The original book was first published in 1993 and using Harbart's character, Nabarun Bhattacharya throws the readers into an environment where almost everything was wrong with Kolkata at that time. In spite of the stench, decay and general apathy of Kolkata, Harbart rises with subtle aspiration of becoming an entity who is far cry from the city that he was a part of.

It was Harbart's first hand experiences with naxalism, death and humiliation that cajoles him to choose a profession that makes him famous. How the nonchalance of his surroundings finally brings about his downfall is something that I'd rather leave the readers of the book to find out. Nabarun Bhattacharya’s style of writing brought a whiff of freshness. The various nuances of imagery, sarcasm and dark humor makes Harbart a delight to read.

Now a word on the translation. Arunava Sinha does an amazing work in bringing forth the dark humor that Harbart is all about. However, he could have done a little more justice. Arunava, I'm sure culturally understood the story but unfortunately, he didn't belong to Harbart's era. The word to word translations of the poems absolutely did not convey their significance.

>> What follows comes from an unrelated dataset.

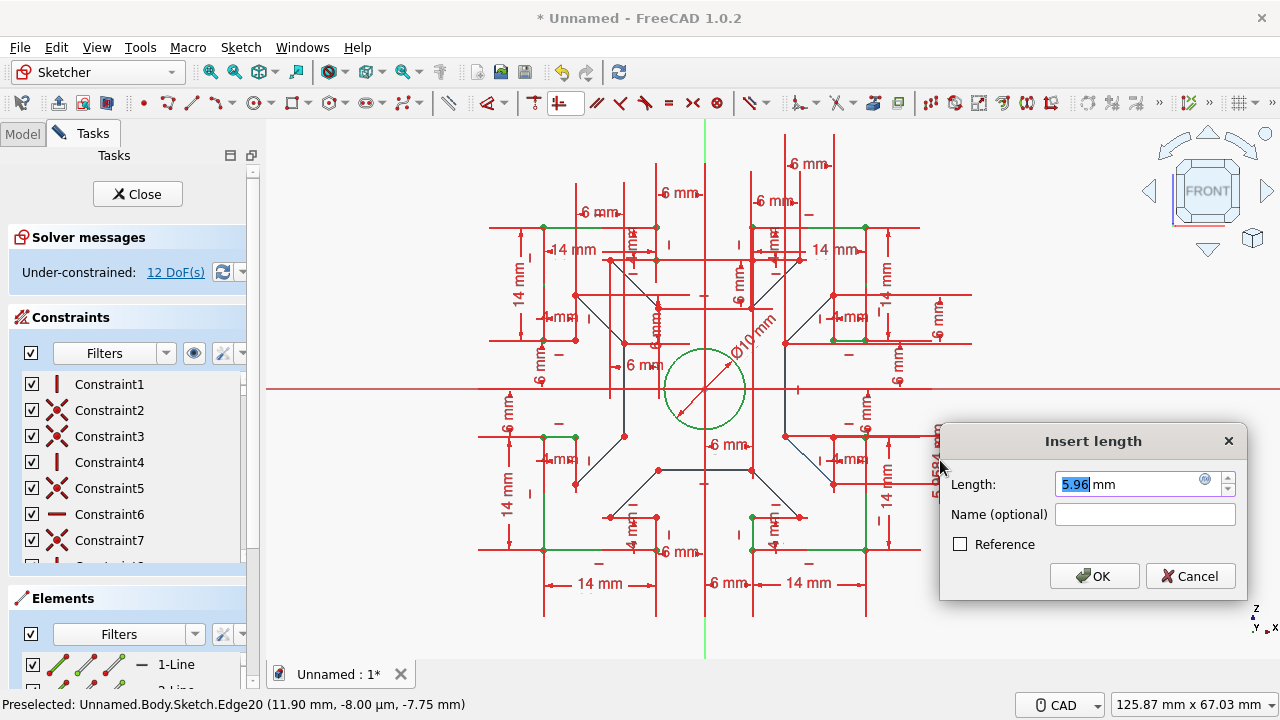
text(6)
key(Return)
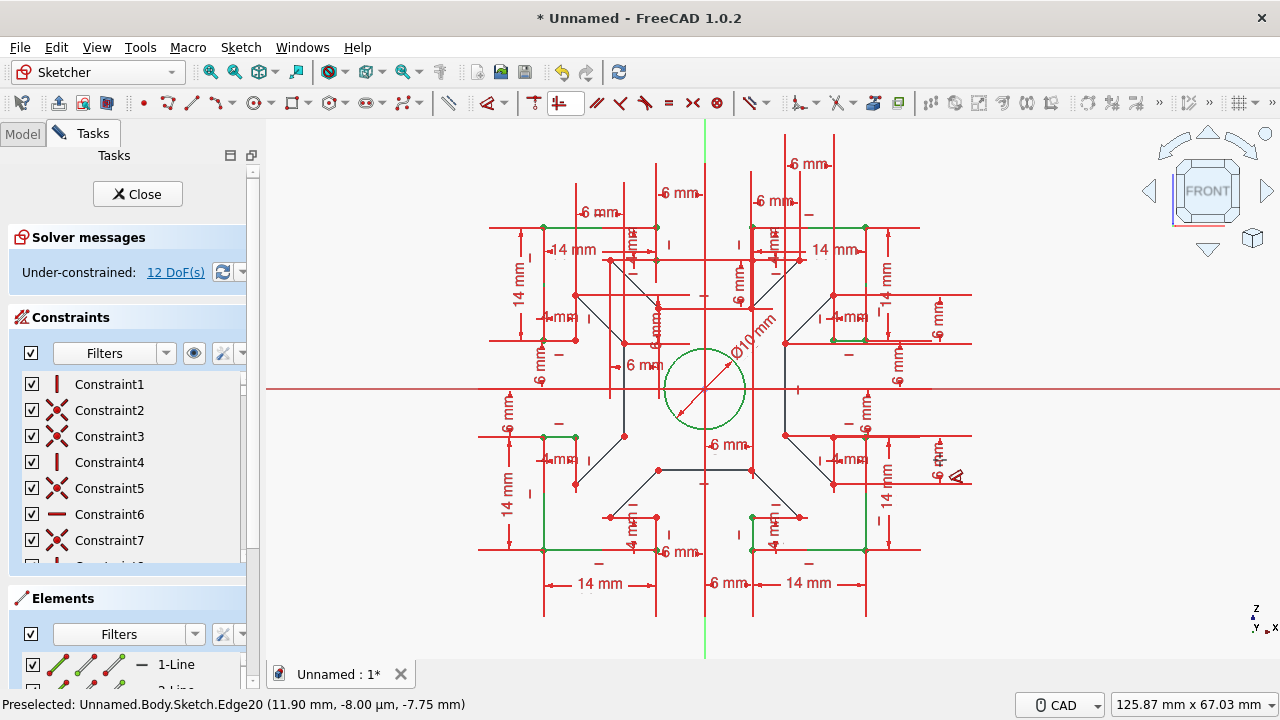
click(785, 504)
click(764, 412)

It's imperative that a translator should reproduce the original author's style but this is not possible all the time. It wouldn’t and cannot be an absolute translation but the approximate should be aimed for. I am a Bengali who cannot read or write his mother tongue and this embarrassed soul says a Big Thank You to Arunava. I need to hand it to Arunava for making non-Bengali readers get access to an amazingly textured story like Harbart.  Readers should not miss this unusual piece of Bengali Literature.